I would like to know something about this request. Do you have any additional ideas about possible applications of this problem?

Do you have any tips?

 

[Hak]

Is $mv = M v' + m (v'+ \omega R)$ correct? All this is irrelevant for calculating the force $F$, right?

I have a doubt. In post #50, I calculated the linear momentum equation, which @erobz found to be correct in post #51.
Nevertheless, however, if we calculate the angular momentum with respect to the center of the asteroid of mass $M$, we have that:

$$L_{before} = mvR$$
$$L_{after} = L_{cm} + y_{cm} V_{cm} (m+M)$$, where:

$$L_{cm} = I_{cm} \ \omega$$,
$$y_{cm} = \frac{m}{M+m}R$$ , obtained by placing an axis of reference $Oxy$ centered in the center of the large sphere,
$$V_{cm} = \frac{m}{M+m}v$$, obtained from equation $(1) \ mv = (m+M) V_{cm}$.

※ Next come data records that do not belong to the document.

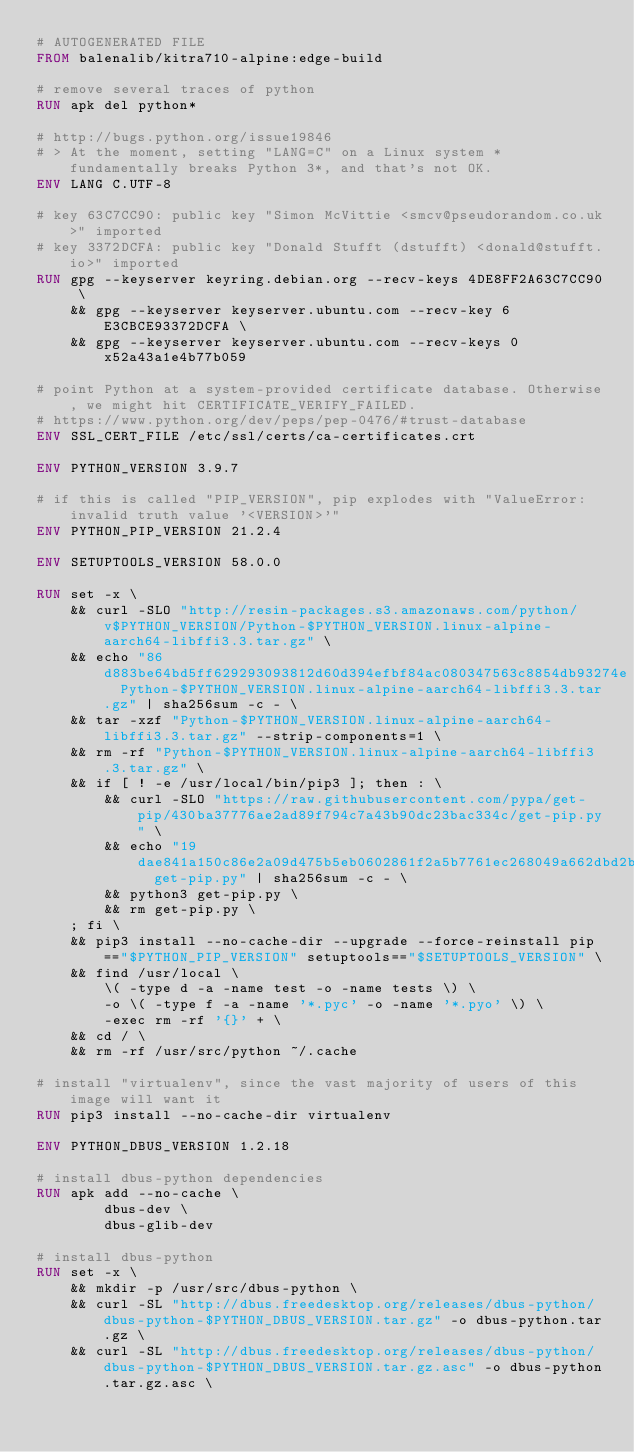Convert code to text. <code><loc_0><loc_0><loc_500><loc_500><_Dockerfile_># AUTOGENERATED FILE
FROM balenalib/kitra710-alpine:edge-build

# remove several traces of python
RUN apk del python*

# http://bugs.python.org/issue19846
# > At the moment, setting "LANG=C" on a Linux system *fundamentally breaks Python 3*, and that's not OK.
ENV LANG C.UTF-8

# key 63C7CC90: public key "Simon McVittie <smcv@pseudorandom.co.uk>" imported
# key 3372DCFA: public key "Donald Stufft (dstufft) <donald@stufft.io>" imported
RUN gpg --keyserver keyring.debian.org --recv-keys 4DE8FF2A63C7CC90 \
	&& gpg --keyserver keyserver.ubuntu.com --recv-key 6E3CBCE93372DCFA \
	&& gpg --keyserver keyserver.ubuntu.com --recv-keys 0x52a43a1e4b77b059

# point Python at a system-provided certificate database. Otherwise, we might hit CERTIFICATE_VERIFY_FAILED.
# https://www.python.org/dev/peps/pep-0476/#trust-database
ENV SSL_CERT_FILE /etc/ssl/certs/ca-certificates.crt

ENV PYTHON_VERSION 3.9.7

# if this is called "PIP_VERSION", pip explodes with "ValueError: invalid truth value '<VERSION>'"
ENV PYTHON_PIP_VERSION 21.2.4

ENV SETUPTOOLS_VERSION 58.0.0

RUN set -x \
	&& curl -SLO "http://resin-packages.s3.amazonaws.com/python/v$PYTHON_VERSION/Python-$PYTHON_VERSION.linux-alpine-aarch64-libffi3.3.tar.gz" \
	&& echo "86d883be64bd5ff629293093812d60d394efbf84ac080347563c8854db93274e  Python-$PYTHON_VERSION.linux-alpine-aarch64-libffi3.3.tar.gz" | sha256sum -c - \
	&& tar -xzf "Python-$PYTHON_VERSION.linux-alpine-aarch64-libffi3.3.tar.gz" --strip-components=1 \
	&& rm -rf "Python-$PYTHON_VERSION.linux-alpine-aarch64-libffi3.3.tar.gz" \
	&& if [ ! -e /usr/local/bin/pip3 ]; then : \
		&& curl -SLO "https://raw.githubusercontent.com/pypa/get-pip/430ba37776ae2ad89f794c7a43b90dc23bac334c/get-pip.py" \
		&& echo "19dae841a150c86e2a09d475b5eb0602861f2a5b7761ec268049a662dbd2bd0c  get-pip.py" | sha256sum -c - \
		&& python3 get-pip.py \
		&& rm get-pip.py \
	; fi \
	&& pip3 install --no-cache-dir --upgrade --force-reinstall pip=="$PYTHON_PIP_VERSION" setuptools=="$SETUPTOOLS_VERSION" \
	&& find /usr/local \
		\( -type d -a -name test -o -name tests \) \
		-o \( -type f -a -name '*.pyc' -o -name '*.pyo' \) \
		-exec rm -rf '{}' + \
	&& cd / \
	&& rm -rf /usr/src/python ~/.cache

# install "virtualenv", since the vast majority of users of this image will want it
RUN pip3 install --no-cache-dir virtualenv

ENV PYTHON_DBUS_VERSION 1.2.18

# install dbus-python dependencies 
RUN apk add --no-cache \
		dbus-dev \
		dbus-glib-dev

# install dbus-python
RUN set -x \
	&& mkdir -p /usr/src/dbus-python \
	&& curl -SL "http://dbus.freedesktop.org/releases/dbus-python/dbus-python-$PYTHON_DBUS_VERSION.tar.gz" -o dbus-python.tar.gz \
	&& curl -SL "http://dbus.freedesktop.org/releases/dbus-python/dbus-python-$PYTHON_DBUS_VERSION.tar.gz.asc" -o dbus-python.tar.gz.asc \</code>

Equalizing $L_{before}$ and $L_{after}$, we obtain $mvd = I_{cm} \omega$, the same equation calculated by @kuruman in post #55.

So, why is there discordance between the equation in post #50 and the equation (1) I reported in this post?

 

[erobz]

I have a doubt. In post #50, I calculated the linear momentum equation, which @erobz found to be correct in post #51.
Nevertheless, however, if we calculate the angular momentum with respect to the center of the asteroid of mass $M$, we have that:

$$L_{before} = mvR$$
$$L_{after} = L_{cm} + y_{cm} V_{cm} (m+M)$$, where:

$$L_{cm} = I_{cm} \ \omega$$,
$$y_{cm} = \frac{m}{M+m}R$$ , obtained by placing an axis of reference $Oxy$ centered in the center of the large sphere,
$$V_{cm} = \frac{m}{M+m}v$$, obtained from equation $(1) \ mv = (m+M) V_{cm}$.

Equalizing $L_{before}$ and $L_{after}$, we obtain $mvd = I_{cm} \omega$, the same equation calculated by @kuruman in post #55.

So, why is there discordance between the equation in post #50 and the equation (1) I reported in this post?

The theory we were laboring under there was updated 5 posts later. Have you properly updated the linear momentum equation?